**PROBLEM:**
Each line from the one containing "The camera that" through the last line of the data below is to be written out verbatim, and nothing more.

**PROVIDED DATA:**
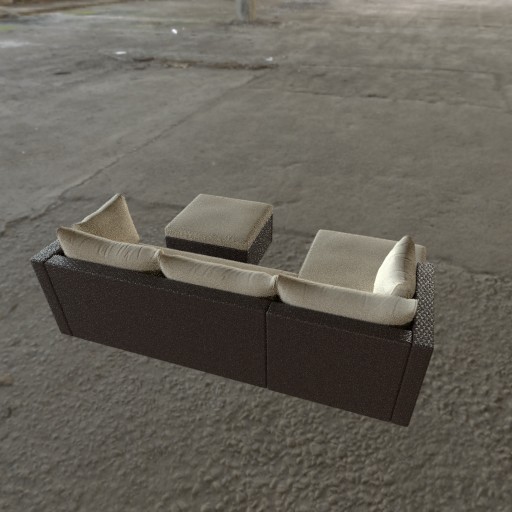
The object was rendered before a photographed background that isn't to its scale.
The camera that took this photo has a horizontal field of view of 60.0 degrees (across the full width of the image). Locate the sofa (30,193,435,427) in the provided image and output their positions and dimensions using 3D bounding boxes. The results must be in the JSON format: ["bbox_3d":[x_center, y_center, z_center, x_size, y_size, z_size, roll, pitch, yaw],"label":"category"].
[{"bbox_3d":[0.000,0.000,3.000,2.192,0.766,1.612,11,35,16],"label":"sofa"}]

**COMPLETED TASK:**
The camera that took this photo has a horizontal field of view of 60.0 degrees (across the full width of the image). Locate the sofa (30,193,435,427) in the provided image and output their positions and dimensions using 3D bounding boxes. The results must be in the JSON format: ["bbox_3d":[x_center, y_center, z_center, x_size, y_size, z_size, roll, pitch, yaw],"label":"category"].
[{"bbox_3d":[0.000,0.000,3.000,2.192,0.766,1.612,11,35,16],"label":"sofa"}]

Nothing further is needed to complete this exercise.